ACTION ITEM —
Please go through the listing below and count the lines where the string "ezdxf" appears. Answer with the number only.

TASK DATA —
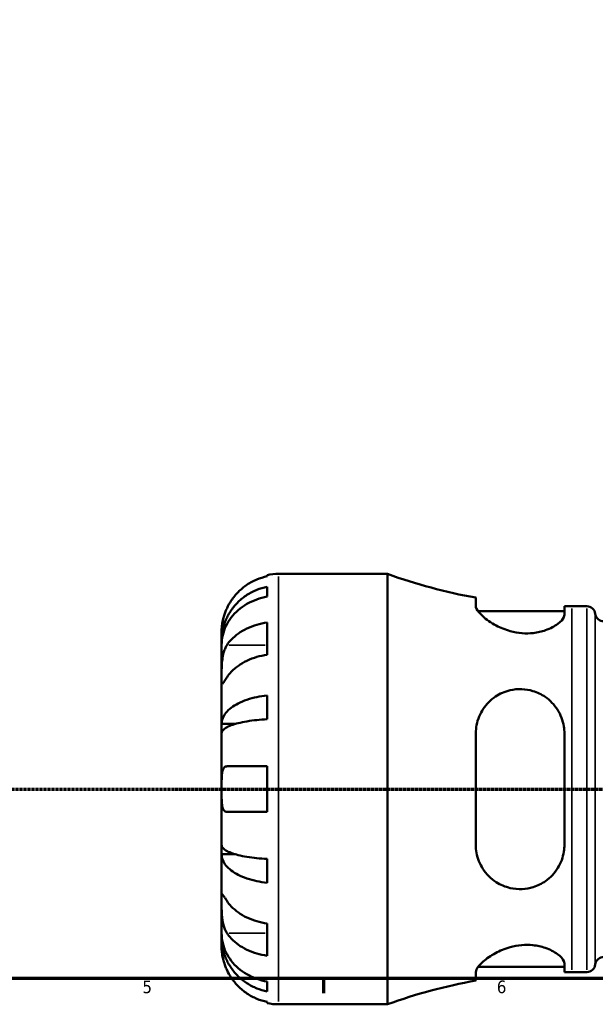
# Model space of a CAD drawing. Header units: millimetres. Extents: x 0 to 902, y 0 to 832.
# Tile 2 of 9: x 290 to 404, y 15 to 209. Entities that reach past the tile are written whole.
import ezdxf

# ---------------------------------------------------------------- set-up
doc = ezdxf.new("R2010")
doc.units = ezdxf.units.MM
doc.linetypes.add('CHAIN', pattern=[0.7087, 0.4724, -0.0591, 0.1181, -0.0591])
for name, color, linetype, lineweight in [('Border (ISO)', 7, 'Continuous', 70), ('Section Line (ISO)', 7, 'CHAIN', 70), ('Visible (ISO)', 7, 'Continuous', 50), ('Visible Narrow (ISO)', 7, 'Continuous', 35)]:
    doc.layers.add(name, color=color, linetype=linetype, lineweight=lineweight)
doc.styles.add('Note Text (ISO)', font='tahoma.ttf')

# ---------------------------------------------------------------- blocks, each defined once
blk = doc.blocks.new('Borders Default Border')
at = {"layer": 'Border (ISO)'}
blk.add_line((350.42, 20), (350.42, 17.1), dxfattribs=at)
at = {"layer": 'Border (ISO)', "flags": 128}
blk.add_lwpolyline([(20, 20), (20, 574), (821, 574), (821, 20), (20, 20)], dxfattribs=at)
at = {"layer": 'Border (ISO)', "color": 232, "true_color": 0xca0064, "char_height": 2.5, "attachment_point": 7, "style": 'Note Text (ISO)'}
for s, insert in [('5', (314.64, 17.05)), ('6', (384.66, 17.05))]:
    blk.add_mtext(s, dxfattribs=dict(at, insert=insert))
blk = doc.blocks.new('2dTransSection0')
at = {"layer": 'Section Line (ISO)', "linetype": 'CHAIN'}
blk.add_line((157.6, 57.4), (671.2, 57.4), dxfattribs=at)

msp = doc.modelspace()

# ---------------------------------------------------------------- linework, layer by layer
at = {"layer": 'Visible (ISO)'}
for p, q in [((339.279, 99.433), (339.279, 99.674)), ((341.529, 99.901), (363.039, 99.901)), ((363.039, 14.901), (363.039, 99.901)), ((339.279, 95.413), (339.279, 97.358)), ((380.504, 95.214), (380.504, 93.579)), ((398.004, 91.821), (398.004, 93.536)), ((399.449, 93.526), (402.429, 93.526)), ((380.958, 92.526), (398.004, 92.526)), ((339.279, 83.94), (339.279, 90.304)), ((330.279, 86.64), (330.279, 88.651)), ((330.279, 86.64), (330.314, 86.64)), ((330.279, 85.875), (330.279, 86.64)), ((330.279, 79.498), (330.279, 85.875)), ((330.279, 70.278), (330.279, 79.498)), ((339.279, 71.202), (339.279, 75.896)), ((330.279, 70.278), (333.008, 70.278)), ((330.279, 68.43), (330.279, 70.278)), ((330.279, 57.401), (330.279, 68.43)), ((380.504, 68.401), (380.504, 46.401)), ((398.004, 46.401), (398.004, 68.401)), ((339.279, 52.901), (339.279, 61.901)), ((330.279, 46.372), (330.279, 57.401)), ((330.279, 44.524), (330.279, 46.372)), ((330.279, 35.304), (330.279, 44.524)), ((330.279, 44.524), (333.008, 44.524)), ((339.279, 38.906), (339.279, 43.6)), ((330.279, 28.927), (330.279, 35.304)), ((339.279, 24.498), (339.279, 30.861)), ((330.279, 28.162), (330.279, 28.927)), ((330.279, 28.162), (330.314, 28.162)), ((330.279, 26.151), (330.279, 28.162)), ((380.958, 22.276), (398.004, 22.276)), ((398.004, 21.266), (398.004, 22.981)), ((380.504, 21.223), (380.504, 19.588)), ((399.449, 21.276), (402.429, 21.276)), ((339.279, 17.444), (339.279, 19.389)), ((339.279, 15.128), (339.279, 15.368)), ((341.529, 14.901), (363.039, 14.901))]:
    msp.add_line(p, q, dxfattribs=at)
for centre, radius, start, end in [((341.529, 88.651), 11.25, 90, 101.53696), ((399.449, 200.689), 107.163, 250.13758, 259.81735), ((399.449, 200.689), 107.163, 269.22739, 270), ((402.429, 91.826), 1.7, 7.18076, 90), ((405.802, 92.251), 1.7, 187.18076, 270), ((405.802, 22.551), 1.7, 90, 172.81924), ((402.429, 22.976), 1.7, 270, 352.81924), ((399.449, -85.887), 107.163, 100.18265, 109.86242), ((399.449, -85.887), 107.163, 90, 90.77261), ((341.529, 26.151), 11.25, 258.46304, 270)]:
    msp.add_arc(centre, radius, start, end, dxfattribs=at)
for points, knots in [([(339.279, 99.433), (338.559, 99.286), (337.856, 99.064), (336.593, 98.539), (335.918, 98.184), (334.66, 97.34), (334.076, 96.851), (333.093, 95.864), (332.604, 95.276), (331.862, 94.159), (331.579, 93.651), (331.346, 93.151)], [0.21343841, 0.21343841, 0.21343841, 0.21343841, 0.41559978, 0.41559978, 0.62400044, 0.62400044, 0.8324011, 0.8324011, 1.04178819, 1.04178819, 1.20124236, 1.20124236, 1.20124236, 1.20124236]), ([(330.279, 86.64), (330.279, 87.317), (330.348, 88.056), (330.644, 89.503), (330.872, 90.212), (331.404, 91.46), (331.758, 92.115), (332.6, 93.338), (333.089, 93.907), (334.071, 94.86), (334.655, 95.333), (335.914, 96.148), (336.588, 96.491), (337.853, 96.999), (338.558, 97.215), (339.279, 97.358)], [5.0161165, 5.0161165, 5.0161165, 5.0161165, 5.2257877, 5.2257877, 5.4354588, 5.4354588, 5.6443437, 5.6443437, 5.8532286, 5.8532286, 6.0615671, 6.0615671, 6.2699056, 6.2699056, 6.472482, 6.472482, 6.472482, 6.472482]), ([(339.279, 95.413), (338.558, 95.286), (337.853, 95.094), (336.588, 94.642), (335.914, 94.337), (334.655, 93.611), (334.071, 93.19), (333.089, 92.342), (332.6, 91.836), (331.758, 90.747), (331.404, 90.164), (330.872, 89.053), (330.644, 88.423), (330.348, 87.135), (330.279, 86.477), (330.279, 85.875)], [0.2134337, 0.2134337, 0.2134337, 0.2134337, 0.41601, 0.41601, 0.6243485, 0.6243485, 0.832687, 0.832687, 1.0415719, 1.0415719, 1.2504568, 1.2504568, 1.4601279, 1.4601279, 1.6697991, 1.6697991, 1.6697991, 1.6697991]), ([(398.004, 91.821), (398.004, 91.679), (397.97, 91.53), (397.727, 90.954), (397.318, 90.488), (396.091, 89.569), (395.263, 89.115), (393.532, 88.512), (392.715, 88.317), (391.122, 88.142), (390.386, 88.13), (388.846, 88.255), (388.066, 88.398), (386.309, 88.885), (385.379, 89.27), (383.474, 90.268), (382.567, 90.915), (381.282, 92.073), (380.853, 92.596), (380.552, 93.237), (380.504, 93.418), (380.504, 93.579)], [-3.0823224, -3.0823224, -3.0823224, -3.0823224, -2.9425492, -2.9425492, -2.5683253, -2.5683253, -2.1867598, -2.1867598, -1.9074803, -1.9074803, -1.6822122, -1.6822122, -1.4421147, -1.4421147, -1.1207844, -1.1207844, -0.699832, -0.699832, -0.3267937, -0.3267937, -0.1598944, -0.1598944, -0.1598944, -0.1598944]), ([(331.346, 93.151), (331.274, 92.996), (331.205, 92.84), (331.029, 92.419), (330.93, 92.156), (330.743, 91.604), (330.66, 91.32), (330.486, 90.633), (330.415, 90.254), (330.314, 89.53), (330.294, 89.215), (330.277, 88.769), (330.279, 88.651), (330.279, 88.651)], [-0.71968867, -0.71968867, -0.71968867, -0.71968867, -0.66913349, -0.66913349, -0.58448293, -0.58448293, -0.49008499, -0.49008499, -0.34765985, -0.34765985, -0.17827673, -0.17827673, 0, 0, 0, 0]), ([(331.346, 85.862), (331.579, 86.216), (331.862, 86.575), (332.604, 87.364), (333.093, 87.781), (334.076, 88.478), (334.66, 88.824), (335.918, 89.421), (336.593, 89.672), (337.856, 90.043), (338.559, 90.2), (339.279, 90.304)], [5.50227189, 5.50227189, 5.50227189, 5.50227189, 5.66172607, 5.66172607, 5.87111315, 5.87111315, 6.07951382, 6.07951382, 6.28791448, 6.28791448, 6.49007585, 6.49007585, 6.49007585, 6.49007585]), ([(330.279, 79.498), (330.279, 79.739), (330.279, 80.007), (330.281, 80.605), (330.283, 80.937), (330.305, 81.748), (330.329, 82.234), (330.429, 83.185), (330.502, 83.64), (330.68, 84.374), (330.769, 84.66), (330.972, 85.185), (331.085, 85.424), (331.254, 85.717), (331.299, 85.791), (331.346, 85.862)], [0, 0, 0, 0, 0.10230486, 0.10230486, 0.2116531, 0.2116531, 0.35868741, 0.35868741, 0.49861539, 0.49861539, 0.59613895, 0.59613895, 0.69034298, 0.69034298, 0.72355027, 0.72355027, 0.72355027, 0.72355027]), ([(339.279, 83.94), (338.559, 83.836), (337.856, 83.679), (336.593, 83.308), (335.918, 83.057), (334.66, 82.46), (334.076, 82.114), (333.093, 81.417), (332.604, 81), (331.862, 80.211), (331.579, 79.852), (331.346, 79.498)], [0.21343841, 0.21343841, 0.21343841, 0.21343841, 0.41559978, 0.41559978, 0.62400044, 0.62400044, 0.8324011, 0.8324011, 1.04178819, 1.04178819, 1.20124236, 1.20124236, 1.20124236, 1.20124236]), ([(331.346, 79.498), (331.287, 79.409), (331.23, 79.323), (331.054, 79.055), (330.944, 78.889), (330.745, 78.592), (330.658, 78.467), (330.484, 78.241), (330.415, 78.174), (330.315, 78.188), (330.295, 78.302), (330.277, 78.744), (330.279, 79.077), (330.279, 79.498)], [-0.72474413, -0.72474413, -0.72474413, -0.72474413, -0.68292689, -0.68292689, -0.58946764, -0.58946764, -0.49014387, -0.49014387, -0.34933517, -0.34933517, -0.17856496, -0.17856496, 0, 0, 0, 0]), ([(330.279, 70.278), (330.279, 70.632), (330.348, 71.02), (330.644, 71.779), (330.872, 72.15), (331.404, 72.804), (331.758, 73.148), (332.6, 73.789), (333.089, 74.087), (334.071, 74.587), (334.655, 74.834), (335.914, 75.262), (336.588, 75.442), (337.853, 75.708), (338.558, 75.821), (339.279, 75.896)], [5.0161165, 5.0161165, 5.0161165, 5.0161165, 5.2257877, 5.2257877, 5.4354588, 5.4354588, 5.6443437, 5.6443437, 5.8532286, 5.8532286, 6.0615671, 6.0615671, 6.2699056, 6.2699056, 6.472482, 6.472482, 6.472482, 6.472482]), ([(380.504, 68.401), (380.504, 68.955), (380.556, 69.502), (380.882, 71.21), (381.338, 72.302), (382.611, 74.21), (383.431, 75.034), (385.245, 76.245), (386.212, 76.676), (388.015, 77.097), (388.798, 77.175), (390.34, 77.115), (391.075, 76.992), (392.664, 76.511), (393.479, 76.114), (395.191, 74.938), (396.01, 74.081), (397.275, 72.097), (397.709, 70.958), (397.968, 69.311), (398.004, 68.857), (398.004, 68.401)], [-3.1315255, -3.1315255, -3.1315255, -3.1315255, -2.956537, -2.956537, -2.5722826, -2.5722826, -2.1897533, -2.1897533, -1.8527541, -1.8527541, -1.6113354, -1.6113354, -1.3861444, -1.3861444, -1.1084353, -1.1084353, -0.7356614, -0.7356614, -0.349339, -0.349339, -0.2049216, -0.2049216, -0.2049216, -0.2049216]), ([(339.279, 71.202), (338.558, 71.165), (337.853, 71.109), (336.588, 70.977), (335.914, 70.889), (334.655, 70.678), (334.071, 70.556), (333.089, 70.309), (332.6, 70.162), (331.758, 69.846), (331.404, 69.676), (330.872, 69.354), (330.644, 69.17), (330.348, 68.796), (330.279, 68.605), (330.279, 68.43)], [0.2134337, 0.2134337, 0.2134337, 0.2134337, 0.41601, 0.41601, 0.6243485, 0.6243485, 0.832687, 0.832687, 1.0415719, 1.0415719, 1.2504568, 1.2504568, 1.4601279, 1.4601279, 1.6697991, 1.6697991, 1.6697991, 1.6697991]), ([(330.279, 57.401), (330.279, 57.82), (330.278, 58.236), (330.283, 59.125), (330.291, 59.585), (330.342, 60.375), (330.383, 60.706), (330.513, 61.223), (330.594, 61.418), (330.766, 61.657), (330.841, 61.73), (331, 61.833), (331.083, 61.866), (331.228, 61.895), (331.286, 61.901), (331.346, 61.901)], [0, 0, 0, 0, 0.1255823, 0.1255823, 0.27758688, 0.27758688, 0.41565829, 0.41565829, 0.53558864, 0.53558864, 0.6106285, 0.6106285, 0.67830711, 0.67830711, 0.7205994, 0.7205994, 0.7205994, 0.7205994]), ([(331.346, 61.901), (331.579, 61.901), (331.862, 61.901), (332.604, 61.901), (333.093, 61.901), (334.076, 61.901), (334.66, 61.901), (335.918, 61.901), (336.593, 61.901), (337.856, 61.901), (338.559, 61.901), (339.279, 61.901)], [5.50227189, 5.50227189, 5.50227189, 5.50227189, 5.66172607, 5.66172607, 5.87111315, 5.87111315, 6.07951382, 6.07951382, 6.28791448, 6.28791448, 6.49007585, 6.49007585, 6.49007585, 6.49007585]), ([(331.346, 52.901), (331.249, 52.901), (331.157, 52.915), (330.988, 52.975), (330.91, 53.02), (330.752, 53.158), (330.675, 53.258), (330.494, 53.609), (330.417, 53.91), (330.314, 54.679), (330.294, 55.151), (330.277, 56.217), (330.279, 56.805), (330.279, 57.401)], [-0.72877811, -0.72877811, -0.72877811, -0.72877811, -0.65864576, -0.65864576, -0.58948737, -0.58948737, -0.50282865, -0.50282865, -0.34782332, -0.34782332, -0.17870564, -0.17870564, 0, 0, 0, 0]), ([(339.279, 52.901), (338.559, 52.901), (337.856, 52.901), (336.593, 52.901), (335.918, 52.901), (334.66, 52.901), (334.076, 52.901), (333.093, 52.901), (332.604, 52.901), (331.862, 52.901), (331.579, 52.901), (331.346, 52.901)], [0.21343841, 0.21343841, 0.21343841, 0.21343841, 0.41559978, 0.41559978, 0.62400044, 0.62400044, 0.8324011, 0.8324011, 1.04178819, 1.04178819, 1.20124236, 1.20124236, 1.20124236, 1.20124236]), ([(330.279, 46.372), (330.279, 46.197), (330.348, 46.006), (330.644, 45.632), (330.872, 45.448), (331.404, 45.126), (331.758, 44.956), (332.6, 44.64), (333.089, 44.493), (334.071, 44.246), (334.655, 44.124), (335.914, 43.913), (336.588, 43.824), (337.853, 43.693), (338.558, 43.637), (339.279, 43.6)], [5.0161165, 5.0161165, 5.0161165, 5.0161165, 5.2257877, 5.2257877, 5.4354588, 5.4354588, 5.6443437, 5.6443437, 5.8532286, 5.8532286, 6.0615671, 6.0615671, 6.2699056, 6.2699056, 6.472482, 6.472482, 6.472482, 6.472482]), ([(398.004, 46.401), (398.004, 45.959), (397.97, 45.518), (397.727, 43.92), (397.318, 42.812), (396.091, 40.813), (395.263, 39.925), (393.532, 38.716), (392.715, 38.312), (391.122, 37.82), (390.386, 37.693), (388.846, 37.624), (388.066, 37.698), (386.309, 38.097), (385.379, 38.495), (383.474, 39.708), (382.567, 40.618), (381.282, 42.624), (380.853, 43.692), (380.552, 45.348), (380.504, 45.872), (380.504, 46.401)], [-3.0823224, -3.0823224, -3.0823224, -3.0823224, -2.9425492, -2.9425492, -2.5683253, -2.5683253, -2.1867598, -2.1867598, -1.9074803, -1.9074803, -1.6822122, -1.6822122, -1.4421147, -1.4421147, -1.1207844, -1.1207844, -0.699832, -0.699832, -0.3267937, -0.3267937, -0.1598944, -0.1598944, -0.1598944, -0.1598944]), ([(339.279, 38.906), (338.558, 38.981), (337.853, 39.094), (336.588, 39.36), (335.914, 39.54), (334.655, 39.967), (334.071, 40.215), (333.089, 40.715), (332.6, 41.013), (331.758, 41.654), (331.404, 41.998), (330.872, 42.652), (330.644, 43.023), (330.348, 43.782), (330.279, 44.17), (330.279, 44.524)], [0.2134337, 0.2134337, 0.2134337, 0.2134337, 0.41601, 0.41601, 0.6243485, 0.6243485, 0.832687, 0.832687, 1.0415719, 1.0415719, 1.2504568, 1.2504568, 1.4601279, 1.4601279, 1.6697991, 1.6697991, 1.6697991, 1.6697991]), ([(331.346, 28.94), (331.287, 29.029), (331.23, 29.123), (331.054, 29.44), (330.944, 29.68), (330.745, 30.214), (330.658, 30.508), (330.484, 31.255), (330.415, 31.715), (330.315, 32.747), (330.295, 33.308), (330.277, 34.383), (330.279, 34.883), (330.279, 35.304)], [-0.72474413, -0.72474413, -0.72474413, -0.72474413, -0.68292689, -0.68292689, -0.58946764, -0.58946764, -0.49014387, -0.49014387, -0.34933517, -0.34933517, -0.17856496, -0.17856496, 0, 0, 0, 0]), ([(330.279, 35.304), (330.279, 35.545), (330.279, 35.758), (330.281, 36.132), (330.283, 36.286), (330.305, 36.552), (330.329, 36.626), (330.429, 36.617), (330.502, 36.542), (330.68, 36.303), (330.769, 36.175), (330.972, 35.872), (331.085, 35.7), (331.254, 35.444), (331.299, 35.375), (331.346, 35.304)], [0, 0, 0, 0, 0.10230486, 0.10230486, 0.2116531, 0.2116531, 0.35868741, 0.35868741, 0.49861539, 0.49861539, 0.59613895, 0.59613895, 0.69034298, 0.69034298, 0.72355027, 0.72355027, 0.72355027, 0.72355027]), ([(331.346, 35.304), (331.579, 34.95), (331.862, 34.591), (332.604, 33.801), (333.093, 33.385), (334.076, 32.688), (334.66, 32.342), (335.918, 31.745), (336.593, 31.494), (337.856, 31.123), (338.559, 30.966), (339.279, 30.861)], [5.50227189, 5.50227189, 5.50227189, 5.50227189, 5.66172607, 5.66172607, 5.87111315, 5.87111315, 6.07951382, 6.07951382, 6.28791448, 6.28791448, 6.49007585, 6.49007585, 6.49007585, 6.49007585]), ([(330.279, 28.927), (330.279, 28.325), (330.348, 27.667), (330.644, 26.379), (330.872, 25.749), (331.404, 24.637), (331.758, 24.054), (332.6, 22.966), (333.089, 22.46), (334.071, 21.612), (334.655, 21.191), (335.914, 20.465), (336.588, 20.16), (337.853, 19.708), (338.558, 19.516), (339.279, 19.389)], [5.0161165, 5.0161165, 5.0161165, 5.0161165, 5.2257877, 5.2257877, 5.4354588, 5.4354588, 5.6443437, 5.6443437, 5.8532286, 5.8532286, 6.0615671, 6.0615671, 6.2699056, 6.2699056, 6.472482, 6.472482, 6.472482, 6.472482]), ([(339.279, 17.444), (338.558, 17.587), (337.853, 17.803), (336.588, 18.311), (335.914, 18.654), (334.655, 19.469), (334.071, 19.942), (333.089, 20.895), (332.6, 21.463), (331.758, 22.687), (331.404, 23.342), (330.872, 24.59), (330.644, 25.299), (330.348, 26.746), (330.279, 27.485), (330.279, 28.162)], [0.2134337, 0.2134337, 0.2134337, 0.2134337, 0.41601, 0.41601, 0.6243485, 0.6243485, 0.832687, 0.832687, 1.0415719, 1.0415719, 1.2504568, 1.2504568, 1.4601279, 1.4601279, 1.6697991, 1.6697991, 1.6697991, 1.6697991]), ([(339.279, 24.498), (338.559, 24.602), (337.856, 24.759), (336.593, 25.13), (335.918, 25.381), (334.66, 25.978), (334.076, 26.324), (333.093, 27.021), (332.604, 27.437), (331.862, 28.227), (331.579, 28.586), (331.346, 28.94)], [0.21343841, 0.21343841, 0.21343841, 0.21343841, 0.41559978, 0.41559978, 0.62400044, 0.62400044, 0.8324011, 0.8324011, 1.04178819, 1.04178819, 1.20124236, 1.20124236, 1.20124236, 1.20124236]), ([(330.279, 26.151), (330.279, 26.151), (330.278, 26.097), (330.283, 25.875), (330.288, 25.696), (330.33, 25.152), (330.377, 24.753), (330.53, 23.985), (330.61, 23.66), (330.787, 23.061), (330.876, 22.796), (331.082, 22.249), (331.199, 21.969), (331.333, 21.679), (331.339, 21.665), (331.346, 21.651)], [-3.12621297, -3.12621297, -3.12621297, -3.12621297, -3.00592131, -3.00592131, -2.87295675, -2.87295675, -2.69789372, -2.69789372, -2.58338701, -2.58338701, -2.49547573, -2.49547573, -2.40310236, -2.40310236, -2.39831682, -2.39831682, -2.39831682, -2.39831682]), ([(380.504, 21.223), (380.504, 21.392), (380.556, 21.582), (380.882, 22.25), (381.338, 22.792), (382.611, 23.913), (383.431, 24.494), (385.245, 25.473), (386.212, 25.886), (388.015, 26.393), (388.798, 26.54), (390.34, 26.671), (391.075, 26.662), (392.664, 26.494), (393.479, 26.304), (395.191, 25.717), (396.01, 25.279), (397.275, 24.359), (397.709, 23.877), (397.968, 23.282), (398.004, 23.127), (398.004, 22.981)], [-3.1315255, -3.1315255, -3.1315255, -3.1315255, -2.956537, -2.956537, -2.5722826, -2.5722826, -2.1897533, -2.1897533, -1.8527541, -1.8527541, -1.6113354, -1.6113354, -1.3861444, -1.3861444, -1.1084353, -1.1084353, -0.7356614, -0.7356614, -0.349339, -0.349339, -0.2049216, -0.2049216, -0.2049216, -0.2049216]), ([(331.346, 21.651), (331.579, 21.151), (331.862, 20.642), (332.604, 19.526), (333.093, 18.937), (334.076, 17.951), (334.66, 17.462), (335.918, 16.618), (336.593, 16.263), (337.856, 15.738), (338.559, 15.516), (339.279, 15.368)], [5.50227189, 5.50227189, 5.50227189, 5.50227189, 5.66172607, 5.66172607, 5.87111315, 5.87111315, 6.07951382, 6.07951382, 6.28791448, 6.28791448, 6.49007585, 6.49007585, 6.49007585, 6.49007585])]:
    msp.add_open_spline(points, degree=3, knots=knots, dxfattribs=at)
at = {"layer": 'Visible Narrow (ISO)'}
for p, q in [((341.529, 15.424), (341.529, 99.378)), ((399.449, 21.721), (399.449, 93.081)), ((402.429, 21.721), (402.429, 93.081)), ((404.116, 23.19), (404.116, 91.612)), ((331.743, 85.862), (338.882, 85.862)), ((331.743, 28.94), (338.882, 28.94))]:
    msp.add_line(p, q, dxfattribs=at)

# ---------------------------------------------------------------- block references
msp.add_blockref('Borders Default Border', (0, 0))
at = {"layer": 'Section Line (ISO)'}
msp.add_blockref('2dTransSection0', (0, 0), dxfattribs=at)

doc.saveas('drawing.dxf')

RESPONSE —
3